TASK DETAILS —
In the records below, find every line with the word "pitch" and copy it.

INPUT RECORDS —
--- START ---
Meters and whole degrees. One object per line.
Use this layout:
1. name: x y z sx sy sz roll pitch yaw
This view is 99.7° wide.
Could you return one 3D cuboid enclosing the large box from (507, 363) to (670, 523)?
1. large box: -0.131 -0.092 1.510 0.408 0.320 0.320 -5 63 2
--- END ---
--- START ---
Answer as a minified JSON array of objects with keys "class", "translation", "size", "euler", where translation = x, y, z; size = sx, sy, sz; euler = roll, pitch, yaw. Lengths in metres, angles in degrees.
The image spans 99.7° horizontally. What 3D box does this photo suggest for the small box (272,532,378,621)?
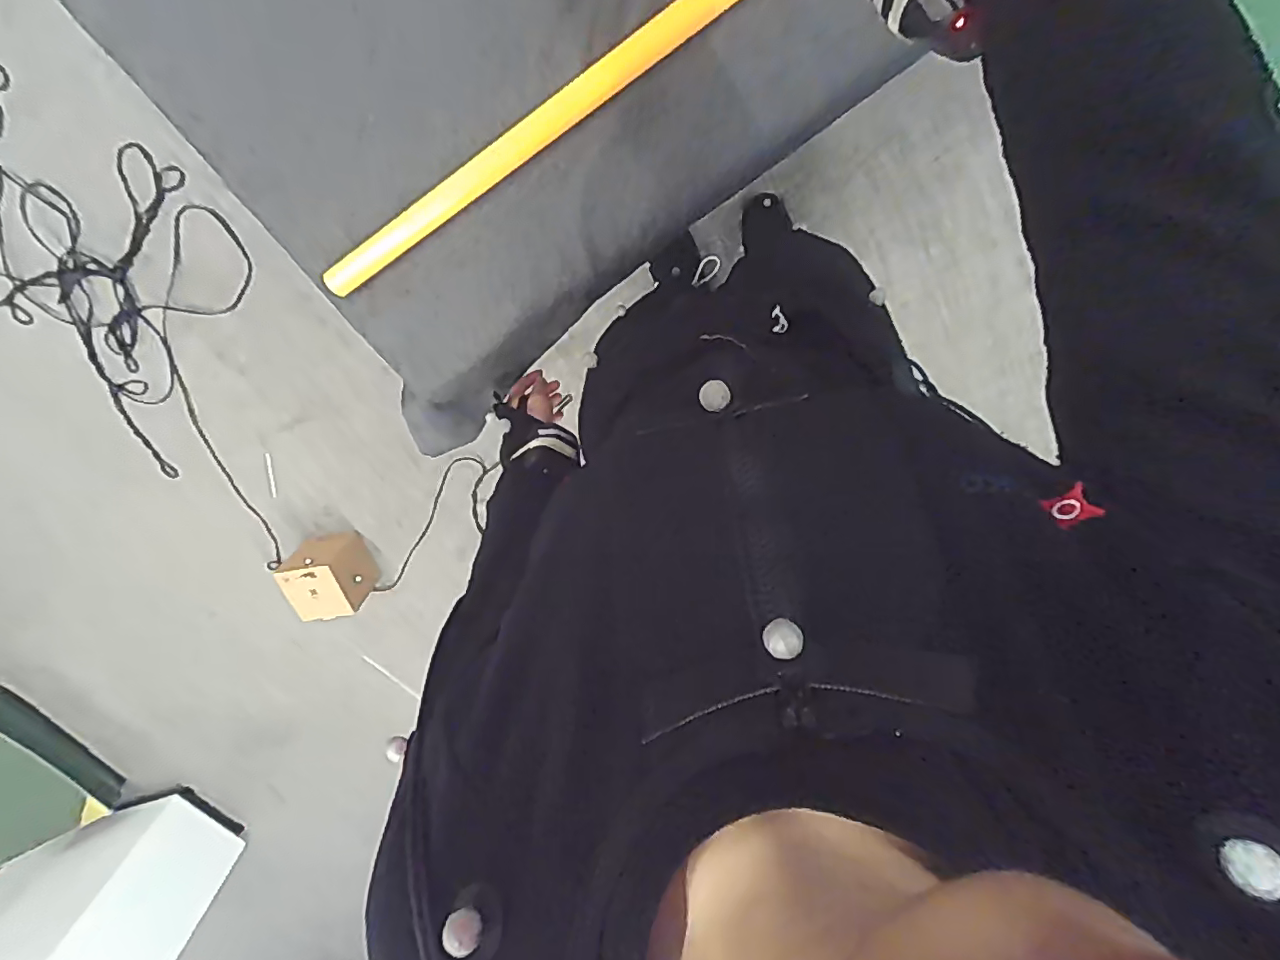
--- END ---
EXPECTED OUTPUT —
1. name: x y z sx sy sz roll pitch yaw
Answer as a minified JSON array of objects with keys "class", "translation", "size", "euler", where translation = x, y, z; size = sx, sy, sz; euler = roll, pitch, yaw. Lengths in metres, angles in degrees.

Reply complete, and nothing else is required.